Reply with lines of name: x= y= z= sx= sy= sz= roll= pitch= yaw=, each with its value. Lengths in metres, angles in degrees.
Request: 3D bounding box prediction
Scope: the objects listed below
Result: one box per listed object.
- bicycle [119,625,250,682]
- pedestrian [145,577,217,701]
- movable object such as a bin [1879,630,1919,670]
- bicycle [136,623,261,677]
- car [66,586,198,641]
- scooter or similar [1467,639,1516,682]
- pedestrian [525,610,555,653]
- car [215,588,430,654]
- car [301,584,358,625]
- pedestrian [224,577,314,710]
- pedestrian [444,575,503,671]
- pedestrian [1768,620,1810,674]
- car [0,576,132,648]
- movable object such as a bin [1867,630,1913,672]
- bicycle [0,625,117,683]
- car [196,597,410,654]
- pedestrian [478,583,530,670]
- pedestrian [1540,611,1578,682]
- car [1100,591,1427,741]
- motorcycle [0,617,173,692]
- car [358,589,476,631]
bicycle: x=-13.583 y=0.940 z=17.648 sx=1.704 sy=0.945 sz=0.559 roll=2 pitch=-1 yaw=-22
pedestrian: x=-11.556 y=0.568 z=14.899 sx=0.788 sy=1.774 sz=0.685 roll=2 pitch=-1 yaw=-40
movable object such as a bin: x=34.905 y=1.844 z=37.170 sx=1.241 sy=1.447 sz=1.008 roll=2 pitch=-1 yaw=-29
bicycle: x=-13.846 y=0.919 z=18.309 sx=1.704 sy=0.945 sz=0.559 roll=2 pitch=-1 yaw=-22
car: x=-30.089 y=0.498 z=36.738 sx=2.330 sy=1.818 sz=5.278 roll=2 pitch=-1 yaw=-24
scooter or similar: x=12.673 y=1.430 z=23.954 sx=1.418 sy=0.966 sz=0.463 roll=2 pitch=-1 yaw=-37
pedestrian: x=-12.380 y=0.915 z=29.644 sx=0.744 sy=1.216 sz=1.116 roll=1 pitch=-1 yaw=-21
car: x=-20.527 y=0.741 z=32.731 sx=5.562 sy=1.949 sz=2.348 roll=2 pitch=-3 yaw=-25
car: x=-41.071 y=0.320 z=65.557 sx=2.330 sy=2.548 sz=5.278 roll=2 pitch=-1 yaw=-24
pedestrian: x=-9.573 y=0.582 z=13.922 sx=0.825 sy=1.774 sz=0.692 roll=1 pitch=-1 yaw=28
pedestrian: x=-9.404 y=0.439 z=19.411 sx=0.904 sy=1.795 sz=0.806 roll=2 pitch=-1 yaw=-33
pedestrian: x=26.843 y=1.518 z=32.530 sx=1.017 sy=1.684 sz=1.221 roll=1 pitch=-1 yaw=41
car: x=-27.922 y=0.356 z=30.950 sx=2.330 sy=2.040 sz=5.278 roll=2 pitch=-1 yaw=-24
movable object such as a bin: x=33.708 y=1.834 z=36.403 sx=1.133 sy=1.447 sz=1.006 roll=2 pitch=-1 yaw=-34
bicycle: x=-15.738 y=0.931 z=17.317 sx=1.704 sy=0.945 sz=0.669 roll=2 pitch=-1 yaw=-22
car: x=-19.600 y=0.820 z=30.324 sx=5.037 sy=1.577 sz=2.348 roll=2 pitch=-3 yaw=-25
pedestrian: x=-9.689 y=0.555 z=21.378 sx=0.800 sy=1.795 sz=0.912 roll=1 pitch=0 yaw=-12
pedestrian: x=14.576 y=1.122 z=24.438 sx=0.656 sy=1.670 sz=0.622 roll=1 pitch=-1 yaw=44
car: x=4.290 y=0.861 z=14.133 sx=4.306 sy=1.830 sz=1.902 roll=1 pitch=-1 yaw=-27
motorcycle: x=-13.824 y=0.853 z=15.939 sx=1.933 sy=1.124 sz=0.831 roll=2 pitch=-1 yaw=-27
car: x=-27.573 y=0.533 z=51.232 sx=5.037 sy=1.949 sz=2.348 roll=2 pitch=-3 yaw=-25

________________________

PROBLEM TO WORK ON:
Look back at the entries above and repeat, unchanged, every line from the line holding "- pedestrian [478,583,530,670]" through the line holding "- motorcycle [0,617,173,692]".

ANSWER FOR THE TASK:
- pedestrian [478,583,530,670]
- pedestrian [1540,611,1578,682]
- car [1100,591,1427,741]
- motorcycle [0,617,173,692]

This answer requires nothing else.